In essence, qualified homebuyers in the United States can go to a lender and receive a mortgage with a fixed rate—for 30 years. These lenders guarantee that rate at the time buyers apply for a loan, which significantly reduces the risk that the rate will go up before the loan is approved. Because the rate is fixed, there is no risk the borrower will ever be asked to pay more, even if benchmark rates go up over the life of the mortgage. And there’s more: Homeowners can pay off their mortgages early without penalty, which means the mortgage can be refinanced at a lower interest rate when rates drop. The homebuyer can do all of this without a large down payment. In the United States, standard down payments are 20 percent—and Freddie Mac has options to allow first-time and low-income borrowers to put down even less, as low as 3 percent.

This stability and predictability, combined with payments stretched out over a 30-year period, makes homeownership more affordable and forms the cornerstone of the American Dream. It happens almost nowhere else in the world, but it does here because of the TBA markets. It works like this: Freddie Mac and Fannie Mae buy mortgages from lenders for cash, which allows them to reinvest the money immediately in new loans at current rates. Not only does this allow lenders to make more loans for more homebuyers, it also prevents the lender from being locked into long-term loans at low rates.

We take the loans we purchase and package them into mortgage-backed securities (MBS)—bonds that offer a stream of revenue derived from borrower payments. The securities are sold globally to investors, including insurers, pension managers, money managers, REITS and foreign central banks via the TBA markets.
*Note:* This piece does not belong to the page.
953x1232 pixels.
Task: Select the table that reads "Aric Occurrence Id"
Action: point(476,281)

MBS are typically sold in the TBA markets on a “forward basis.” That is, investors agree to buy an MBS with a specified set of characteristics. The buyer won’t know until 48 hours before settlement exactly which mortgages will be part of the security. This arrangement works because Freddie Mac and Fannie Mae are vast in scale and have consistent standards, so that investors can count on getting what they asked for.

Liquidity Matters: The Genesis of the UMBS

Despite the success of TBA, the trading differences in Freddie Mac and Fannie Mae’s securities meant the market wasn’t as liquid or competitive as it could have been. The solution devised by Freddie Mac, Fannie Mae, and FHFA was the creation of a uniform mortgage backed security issued by both Freddie Mac and Fannie Mae. A combined TBA market where Freddie Mac UMBS and Fannie Mae UMBS are fungible and can be commingled into the same security effectively creates a larger, more liquid market.
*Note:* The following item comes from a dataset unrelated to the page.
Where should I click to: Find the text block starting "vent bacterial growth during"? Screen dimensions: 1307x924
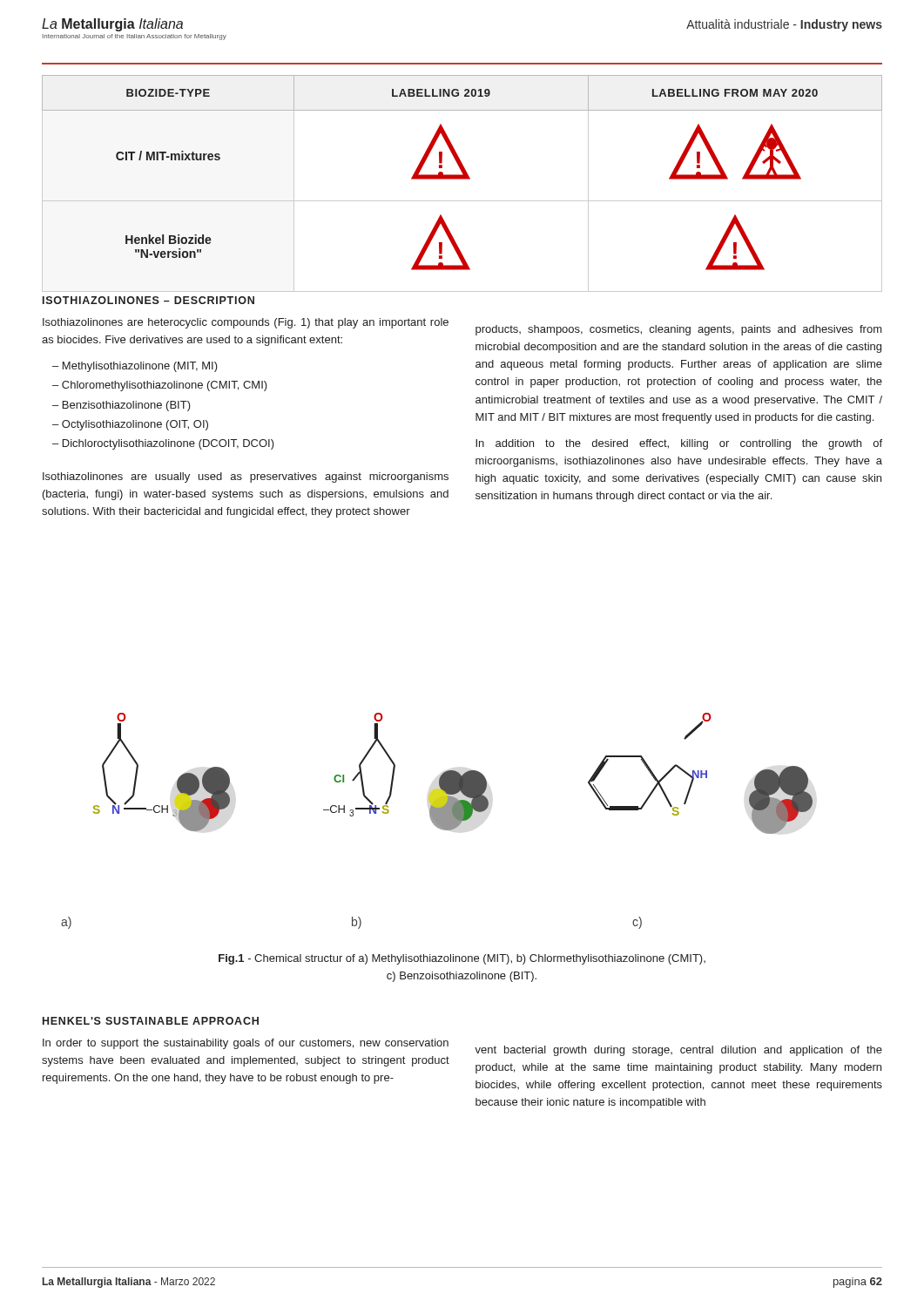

The securities have the former structure of Fannie Mae MBS (including a 55-day delay as opposed to Freddie Mac’s 45-day delay) and the disclosures and policies that had been common to Freddie Mac securities. Investors generally do not need to know which company purchased the mortgages in the first place.

By combining these two securities markets, the U.S. housing finance system gets an exceptionally liquid TBA market—the second biggest bond market in the world—where investors can efficiently buy and sell highly sought-after securities with great confidence.

The path forward

While the UMBS has gone live with the first settlement of UMBS transactions, there remains work to be done and opportunities to be explored.

Investors in legacy Freddie Mac 45-day payment delay Gold PCs and certain other securities will have the option to exchange those securities for 55-day UMBS for the foreseeable future, and Freddie Mac maintains two paths for them to do so, including through broker-dealers on our Dealer Direct platform and directly through the Tradeweb platform.

Common Securitization Solutions will be monitoring and adjusting the CSP over time to ensure it works without friction and to the benefit of investors and sellers. That includes not just those who buy and sell on the platform today, but potential new entrants who may be drawn to the larger, more vibrant and fungible market. 

And finally, we will watch to see how much and how well the TBA market for UMBS benefits the nation’s homebuyers. That’s a key part of our mission, and we are absolutely committed to it.